14 Mar, 2010

The Box Man

By: Connie C.

By Imiri Sakabashira
Drawn & Quarterly, 128 pp.
Rating: not rated (Mature)

In this nearly wordless story, a delivery man and a kind of cat-kappa that hops onto his bike dodge a series of misfortunes while making sure to guard a box, very precious cargo, on the way to its final destination. Along the way, they pass through a surreal nightmare of police officers, urban jungles, and bizarre monster sex rituals.

I don’t know what I expected when I picked this volume up, but it really wasn’t this. This book is basically wordless, with the only exceptions being sound effects, signage, a single line of dialogue at the beginning, and a short apology at the end. The entire narrative is based on what you would like to read into it. There is no explanation or apology offered for the surreal ride that the box man takes you on.

There are a series of accidents, but what causes the little monster to fire on his bike? Why do the police chase him? Why do the contents of the box kill? And what on earth is that entire middle segment, where the man simply peeks into windows featuring bizarrely drawn monster orgies? I don’t really know, and I’m sure nobody but Imiri Sakabashira does, either. As a traditional narrative, it’s not good, and I think a lot of people won’t forgive it for that. But as a surreal exercise, it’s quite amazing. I loved reading my own stories into each of the actions in the book.

Obviously, with a complete lack of narrative, you would need some pretty awesome art to carry the book.
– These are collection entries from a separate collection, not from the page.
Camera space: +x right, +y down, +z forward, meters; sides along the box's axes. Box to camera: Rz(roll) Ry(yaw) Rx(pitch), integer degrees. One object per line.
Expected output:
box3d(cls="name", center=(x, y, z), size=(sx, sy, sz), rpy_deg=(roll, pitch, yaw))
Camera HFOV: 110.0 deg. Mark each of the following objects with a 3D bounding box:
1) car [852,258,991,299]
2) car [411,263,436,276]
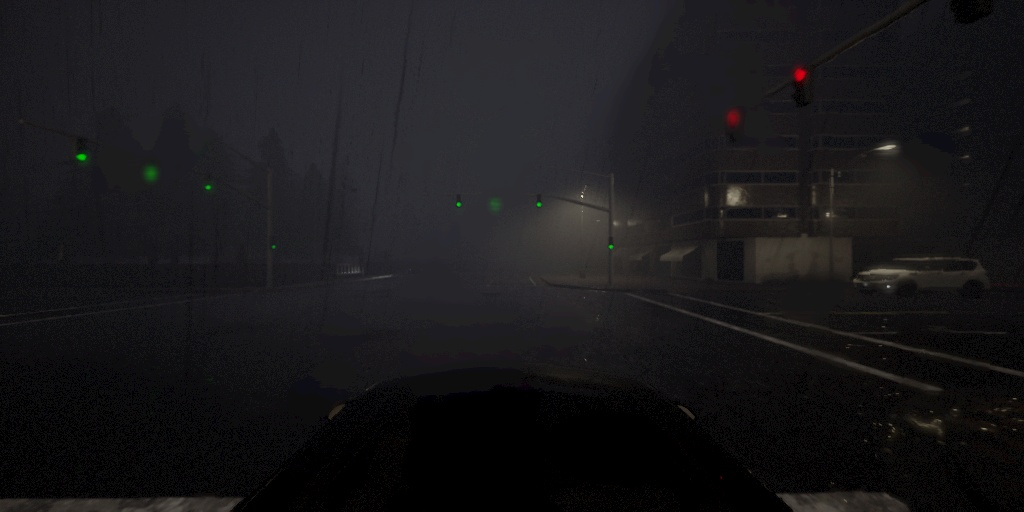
box3d(cls="car", center=(21.206, 1.123, 18.696), size=(5.566, 2.045, 2.150), rpy_deg=(0, 0, 0))
box3d(cls="car", center=(-10.401, 1.564, 42.468), size=(1.837, 1.490, 4.892), rpy_deg=(0, 1, 5))
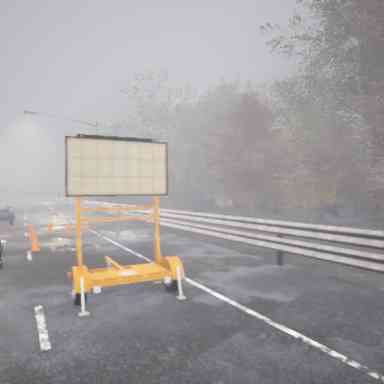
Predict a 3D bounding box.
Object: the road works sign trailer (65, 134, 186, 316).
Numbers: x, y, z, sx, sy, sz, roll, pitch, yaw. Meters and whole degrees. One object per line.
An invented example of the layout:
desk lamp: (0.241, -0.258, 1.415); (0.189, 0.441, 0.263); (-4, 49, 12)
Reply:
road works sign trailer: (-1.759, 0.499, 7.876); (2.380, 3.560, 2.880); (0, 0, -27)

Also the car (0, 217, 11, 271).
car: (-5.748, 1.623, 8.194); (2.033, 1.411, 5.357); (-1, 0, -28)

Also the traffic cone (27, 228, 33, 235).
traffic cone: (-7.227, 2.061, 15.171); (0.340, 0.580, 0.340); (-1, 0, -27)

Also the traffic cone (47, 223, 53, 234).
traffic cone: (-8.187, 2.079, 19.181); (0.340, 0.580, 0.340); (-1, 0, -27)

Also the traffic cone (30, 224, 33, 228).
traffic cone: (-8.150, 2.074, 16.946); (0.340, 0.580, 0.340); (-1, 0, -27)

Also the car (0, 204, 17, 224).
car: (-14.827, 1.693, 25.825); (2.128, 1.511, 4.902); (-1, 0, -27)

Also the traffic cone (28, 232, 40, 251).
traffic cone: (-6.304, 2.048, 13.397); (0.340, 0.580, 0.340); (-1, 0, -27)
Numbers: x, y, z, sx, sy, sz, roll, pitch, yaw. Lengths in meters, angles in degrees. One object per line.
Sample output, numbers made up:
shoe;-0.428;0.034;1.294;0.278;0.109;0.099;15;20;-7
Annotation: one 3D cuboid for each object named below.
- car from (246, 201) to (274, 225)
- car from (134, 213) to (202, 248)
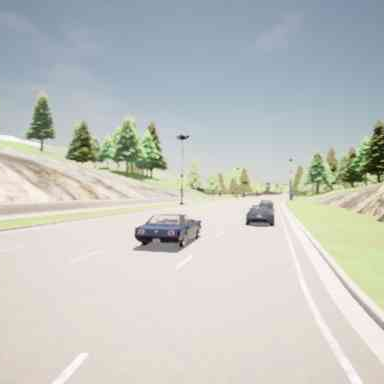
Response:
car;5.098;1.636;24.776;1.994;1.385;4.181;1;0;14
car;-0.860;1.600;14.973;1.895;1.301;4.718;1;0;13
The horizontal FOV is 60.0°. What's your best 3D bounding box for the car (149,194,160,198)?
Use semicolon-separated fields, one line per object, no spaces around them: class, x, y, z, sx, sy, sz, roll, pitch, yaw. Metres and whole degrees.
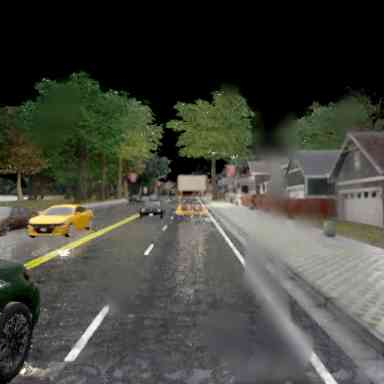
car;-6.549;1.160;57.833;1.837;1.490;4.892;0;0;1

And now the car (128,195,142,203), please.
car;-9.790;1.203;57.836;2.033;1.411;5.357;0;0;1

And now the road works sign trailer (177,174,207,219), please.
road works sign trailer;-0.004;0.319;27.268;2.380;3.560;2.880;0;0;1

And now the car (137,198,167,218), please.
car;-3.149;1.451;27.901;1.895;1.301;4.718;0;0;0

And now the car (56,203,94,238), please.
car;-6.599;1.391;17.262;1.882;1.535;5.008;0;0;0

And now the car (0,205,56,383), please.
car;-3.149;1.211;2.191;2.150;2.045;5.566;0;0;0

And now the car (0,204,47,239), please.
car;-9.850;1.460;17.536;2.033;1.411;5.357;0;0;0
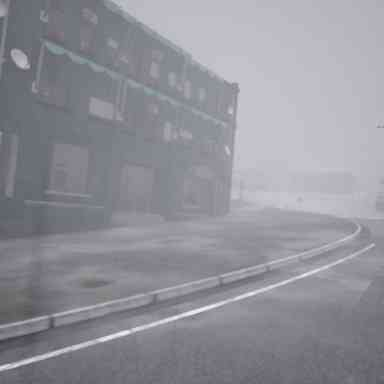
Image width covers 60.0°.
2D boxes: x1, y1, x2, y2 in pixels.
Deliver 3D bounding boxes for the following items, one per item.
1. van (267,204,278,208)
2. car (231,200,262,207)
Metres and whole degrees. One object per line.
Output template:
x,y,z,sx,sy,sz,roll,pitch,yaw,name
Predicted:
14.709,3.225,60.635,1.878,1.987,4.442,2,-6,16,van
6.888,1.808,45.611,5.357,1.411,2.033,0,-6,35,car
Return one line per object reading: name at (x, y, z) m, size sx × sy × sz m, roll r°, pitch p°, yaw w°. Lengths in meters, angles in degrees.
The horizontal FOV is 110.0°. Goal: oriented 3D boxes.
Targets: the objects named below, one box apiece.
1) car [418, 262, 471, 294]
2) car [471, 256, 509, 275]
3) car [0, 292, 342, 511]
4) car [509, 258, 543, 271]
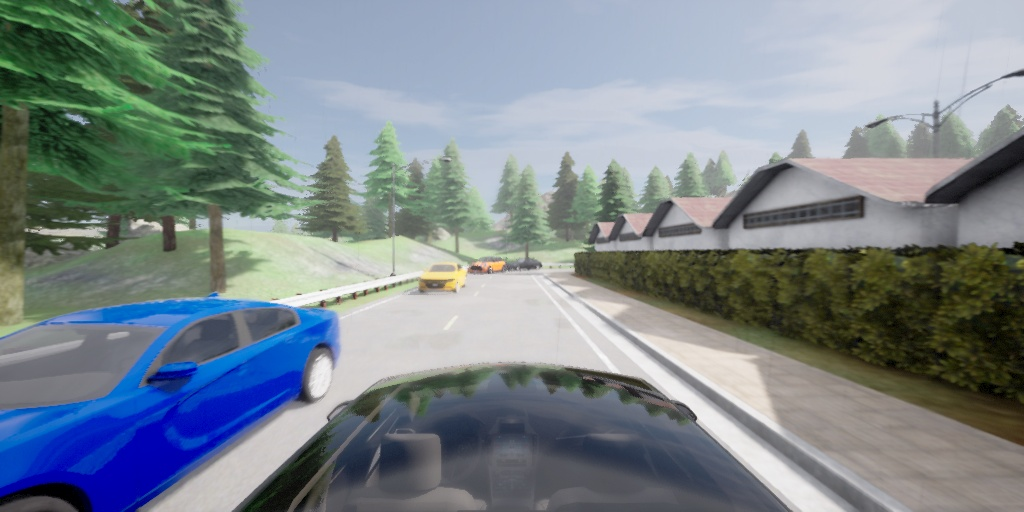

Sakabashira has an interesting flat but detailed style that makes the sprawling landscapes seem very busy and alive, and there is plenty to look at to make up for the lack of words. The flatness comes as a result of a bold graphic aesthetic that is at odds with the detail, but the two go hand in hand in a strange way here. I just flipped to a random page, and the box man is falling a few stories through a mess of cables and corrugated tin roofs, past dozens of small square windows to the ground. This is a rather normal and less-detailed page, but even taking that into consideration, all the wires and corrugation are drawn into each panel in a sort of broad way, and it makes for an interesting look.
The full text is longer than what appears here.